===== Input records
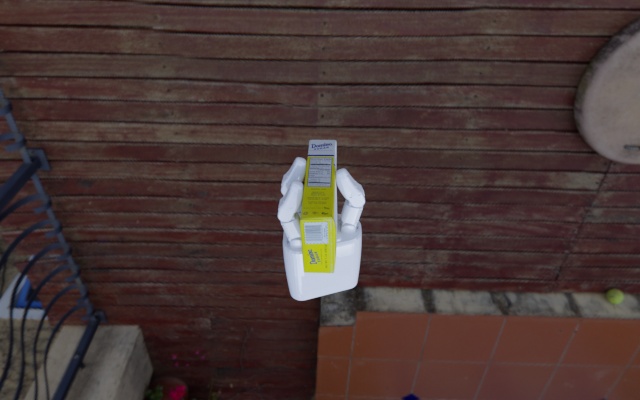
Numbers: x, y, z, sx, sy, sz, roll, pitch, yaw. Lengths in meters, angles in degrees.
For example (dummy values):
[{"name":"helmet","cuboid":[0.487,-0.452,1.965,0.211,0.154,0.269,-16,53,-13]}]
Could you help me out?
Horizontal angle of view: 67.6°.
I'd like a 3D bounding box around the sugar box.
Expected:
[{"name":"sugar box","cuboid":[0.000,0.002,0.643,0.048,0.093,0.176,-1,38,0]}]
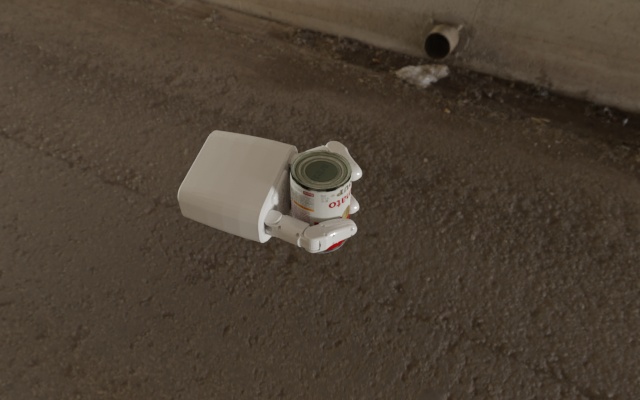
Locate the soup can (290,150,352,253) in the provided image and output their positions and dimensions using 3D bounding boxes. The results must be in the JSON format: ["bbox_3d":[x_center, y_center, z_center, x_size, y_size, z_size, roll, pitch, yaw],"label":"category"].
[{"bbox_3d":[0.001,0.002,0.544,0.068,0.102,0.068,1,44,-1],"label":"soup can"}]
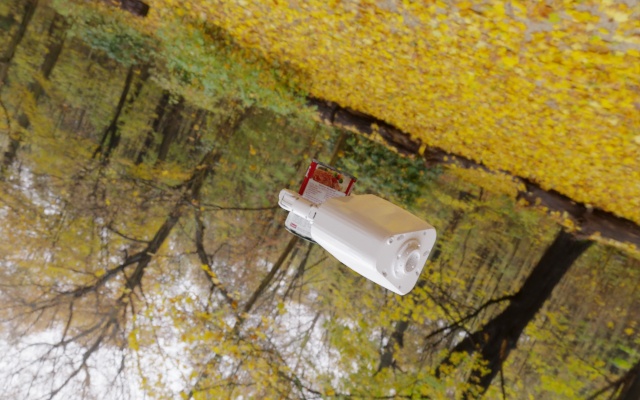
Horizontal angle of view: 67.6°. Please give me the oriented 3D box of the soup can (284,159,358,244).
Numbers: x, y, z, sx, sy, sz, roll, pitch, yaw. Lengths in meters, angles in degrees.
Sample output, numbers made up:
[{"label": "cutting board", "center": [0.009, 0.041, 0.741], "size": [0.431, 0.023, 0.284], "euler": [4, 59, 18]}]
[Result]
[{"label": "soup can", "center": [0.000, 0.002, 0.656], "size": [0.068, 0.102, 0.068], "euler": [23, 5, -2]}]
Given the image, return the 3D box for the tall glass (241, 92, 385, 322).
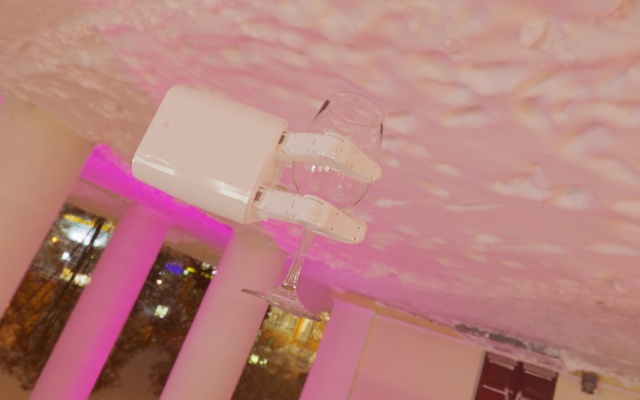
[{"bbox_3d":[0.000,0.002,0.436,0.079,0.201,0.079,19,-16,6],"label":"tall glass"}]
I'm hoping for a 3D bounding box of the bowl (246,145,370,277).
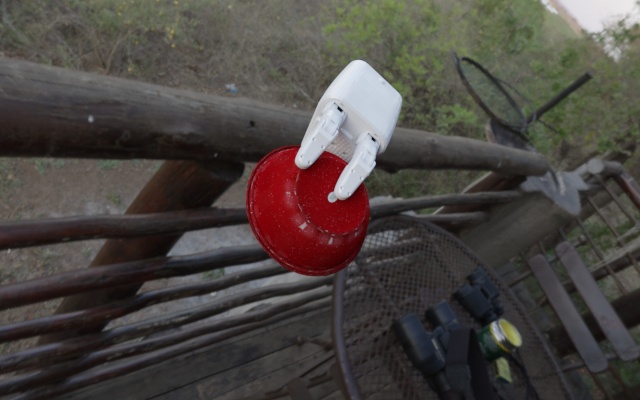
==========
§ What you have to do
What the answer needs is every line from the one with "Sample output, numbers" through the last line of the data, reproduced word for word and with pictures omitted.

§ Exercise response
Sample output, numbers made up:
[{"label": "cutting board", "center": [0.009, 0.041, 0.741], "size": [0.431, 0.023, 0.284], "euler": [4, 59, 18]}]
[Result]
[{"label": "soup can", "center": [0.000, 0.002, 0.656], "size": [0.068, 0.102, 0.068], "euler": [23, 5, -2]}]
Given the image, return the 3D box for the tall glass (241, 92, 385, 322).
[{"bbox_3d":[0.000,0.002,0.436,0.079,0.201,0.079,19,-16,6],"label":"tall glass"}]
I'm hoping for a 3D bounding box of the bowl (246,145,370,277).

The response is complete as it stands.